The following keys in the config files will be used:

client: a dask client to run all tasks
tasks: a list of dask tasks
post-tasks: a list of callables that will run locally in sequence after all dask tasks are finished.

The function apply() is available in analysis_dask as an combination of coffea.dataset_tools.preprocess and coffea.dataset_tools.apply_to_fileset with additional friend tree and preprocessing cache support.
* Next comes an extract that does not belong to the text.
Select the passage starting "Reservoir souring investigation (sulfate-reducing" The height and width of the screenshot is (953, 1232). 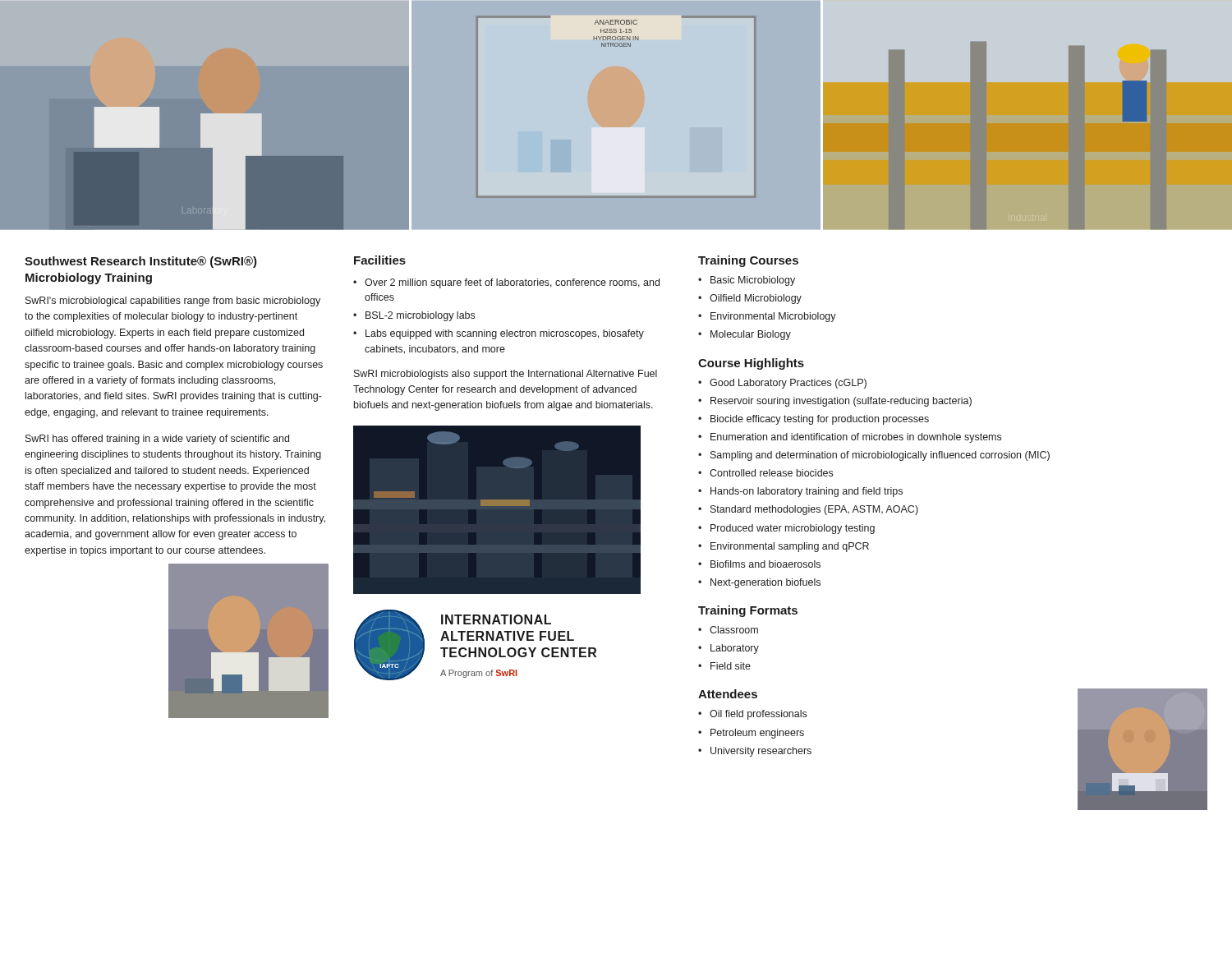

Classifier Plot Processor¶

A basic plot processor is implemented in processors/classifier.py as BasicPlot. This processor will read the selections and reconstructed objects from the friend tree for classifier input and plot the SvB distributions and other kinematic variables after JCM and FvT reweighting. The friend trees are passed through a dictionary with the keys following the conventions:

The keys of FvT friend trees are required to match the pattern FvT{suffix}. Then, the hist collection will be structured as follows:
- all data without any reweighting will be stored as process=data
- the 3b data with only JCM reweight will be stored as process=Multijet_JCM, tag=fourTag
- the 3b data with both JCM and FvT reweight will be stored as process=Multijet{suffix}, tag=fourTag per each suffix.
The keys of SvB friend trees are required to match the pattern SvB{suffix}. Then, the hist collection will be structured as follows:
- if at least one SvB is provided, the processor will repeat the following for each SvB: set SvB_category=ggF/ZZ/ZH/failed for each event based on the highest score; plot everything in the BasicHists template with prefix SvB{suffix}.
- if no SvB is provided, all events will get SvB_category=uncategorized and the prefix for all plots will be all.

0-1 JCM, 0-n FvT, 0-n SvB are acceptable.
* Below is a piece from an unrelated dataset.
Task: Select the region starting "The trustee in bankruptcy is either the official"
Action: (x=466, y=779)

For example, if FvT_v1, FvT_v2, SvB_vA and SvB_vB are provided, the hist collection will have a structure like:

categories:
    process: [data, Multijet_JCM, Multijet_v1, Multijet_v2, ...]
    year: [UL18, UL17, UL16_preVFP, UL16_postVFP]
    tag: [fourTag, threeTag]
    region: [SR, SB]
    SvB_category: [ggF, ZZ, ZH, failed]
hists:
  - SvB_vA.score
  - SvB_vA.canjets.pt
  - SvB_vA.othjets.pt
  - ...
  - SvB_vB.score
  - SvB_vB.canjets.pt
  - SvB_vB.othjets.pt
  - ...

where the combinations data,fourTag,SR (blind), Multijet_JCM,threeTag, Multijet_v1,threeTag and Multijet_v2,threeTag will be empty.

Note

In general, new object reconstructions need to be added to the BasicPlot.__call__, while new hists need to be added to the BasicHists template.
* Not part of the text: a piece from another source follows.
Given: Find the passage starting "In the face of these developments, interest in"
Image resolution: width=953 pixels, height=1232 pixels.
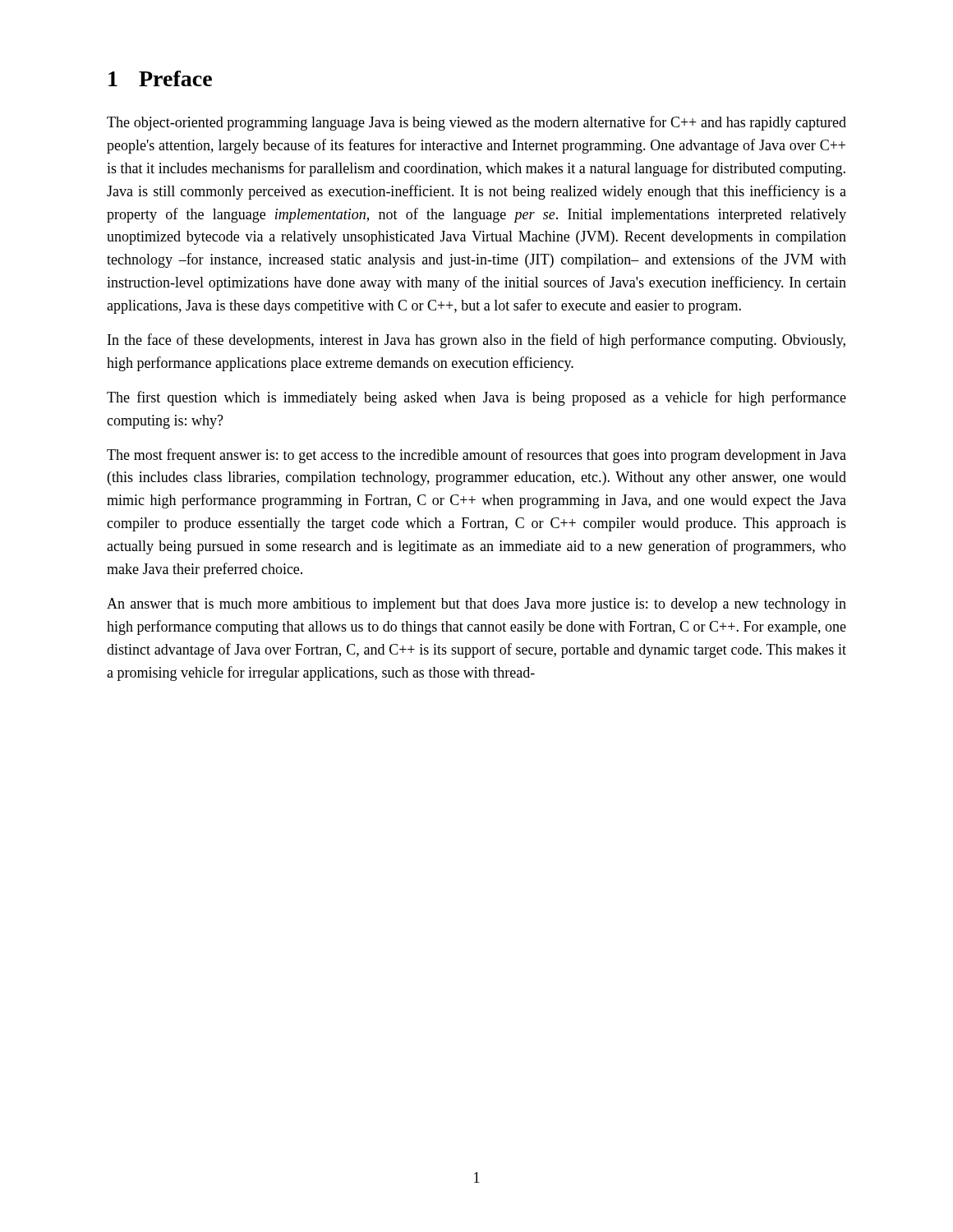Looking at the screenshot, I should (476, 351).

Classifier Plot Configurations¶

The configurations are defined in different levels:

config/classifier_plot.cfg.yml: defines the workflow to plot all input datasets, merge hists and dump to a file. If you just want to run the workflow, you don't need to change anything in this file. For new plotting workflows, you can add a new key at the same level as 2024_v2.
config/classifier_plot_vars.cfg.yml: defines the variables required by the workflow above. You are supposed to make a copy of this file and specify the classifier output friend trees under classifier_outputs<var> and the dataset year combinations under classifier_datasets<var>.
config/cluster.cfg.yml: contains commonly used predefined cluster configurations.
config/userdata.cfg.yml: contains user data shared by all workflows. You should make a copy of this file and add your own data. Your personal data should be kept locally.
- The scratch_dir should be on a shared file system that is accessible by all workers. For example, on LPC/LXPLUS with condor, you may want to use EOS area. On a single rogue node, you can use the same directory as output_dir.
- The output_dir is where you want all results to be stored.
- For the scratch_dir and output_dir, you only need to provide a base directory. The workflows will create their own workspace under it (usually with the name of the workflow and a timestamp).

Note

For the configurations that you don't want to commit, name the file with suffix .local.cfg.yml.

For example, if you run the workflow for datasets_HH4b_2024_v2 on rogue, you can use:

export BASE=analysis_dask/config # optional
python dask_run.py \
    ${BASE}/userdata.local.cfg.yml \
    ${BASE}/cluster.cfg.yml#rogue_local_huge \ 
    ${BASE}/classifier_plot_vars.local.cfg.yml#2024_v2 \
    ${BASE}/classifier_plot.cfg.yml#2024_v2

Tips¶

If the Operation Expired errors from XRootD keep occurring, reduce the number of workers or swtich to other nodes may help.